With one of the largest AI labs on earth[3] Google had been pioneering the AI scene for years. It was Google engineers that in 2017 published a paper on the “transformer-based” AI model that led to OpenAI’s breakthroughs.[4] Google first demonstrated its own LLM, called LaMDA, in May 2021.[5] Reportedly due to “reputational risk” from providing incorrect information, Google decided against launching the service, and[6] for similar reasons, in November 2022, Meta stopped a test of its LLM chatbot called Galactica AI. Users had criticized the model as generating incorrect or biased content that “sounded right and authoritative.”[7]

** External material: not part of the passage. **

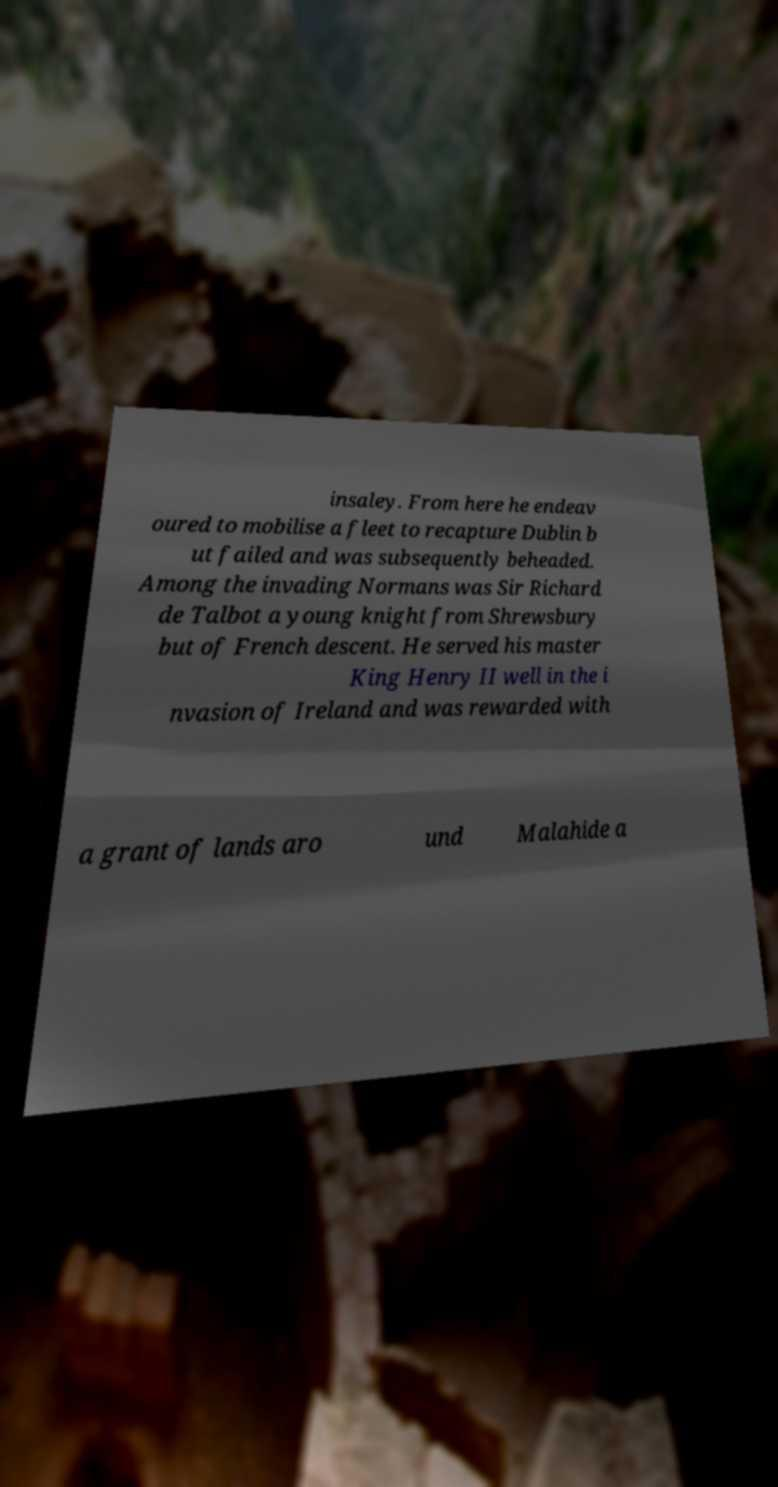Please read and relay the text visible in this image. What does it say? insaley. From here he endeav oured to mobilise a fleet to recapture Dublin b ut failed and was subsequently beheaded. Among the invading Normans was Sir Richard de Talbot a young knight from Shrewsbury but of French descent. He served his master King Henry II well in the i nvasion of Ireland and was rewarded with a grant of lands aro und Malahide a

Such concerns, however, did not stop OpenAI/Microsoft from launching ChatGPT on November 30, 2022. Users detected fewer biases because the AI had been specifically trained to handle sensitive questions. Yet, the issue of factual errors in the answers remained, because while (all) LLMs “are excellent at predicting the next word in a sentence [..] they have no knowledge of what the sentence actually means.”[8] Despite ChatGPT’s so-called “hallucinations,” the linguistic quality of the chatbot stunned even experts.[9]OpenAI/Microsoft quickly marketed the technology as a potential “killer” of the incumbent search engine Google, and not without success. Only a few days after the launch, Google declared a “code red”, an immediate threat to its advertising business.[10] Ever since, the world has paid close attention to the impending search ‘battle royale’ between Microsoft and Google. And it was entertaining indeed. Google invited the press to join a live event on February 8th in Paris to present its own AI-chatbot for search, called Bard. To use the moment, Microsoft and Chinese search giant Baidu decided to announce the integration of a chatbots (called Bing AI and Ernie Bot) into their search engines one day earlier, on February 7th.[11] Countering this marketing move, Google’s CEO then pre-announced Bard on February 6th. Yet, once experts noted that both Bard got the facts wrong in its very first public demo in Paris, Google’s stock value fell by US $ 100 billion in one day.[12] The fact that Microsoft’s Bing AI had also provided erroneous answers in its first public presentation went by largely unnoticed.[13]

III. How does ChatGPT fit into the broader AI industry?

In the wake of the AI hype, many new products and services powered by AI were launched. The emphasis is on “powered.” AI is neither a product nor a stand-alone service, but a system provided dynamically by some (‘providers’) and placed into various operations by others (‘deployers’).[14] AI is a broad term that refers to any wide range of technology from simple algorithms that sort data, to more advanced systems that can mimic human-like thought processes. ChatGPT’s advances are linked to a new generation of AI systems, so-called large foundation models, of which LLMs are a sub-category. A foundation model is an advanced system of “deep” machine learning that is trained on broad data that can subsequently be fine-tuned to a wide range of downstream tasks. While such models had been around for a while, over the last few years improvements in computer hardware allowed the building of ever larger models, resulting in the current capabilities.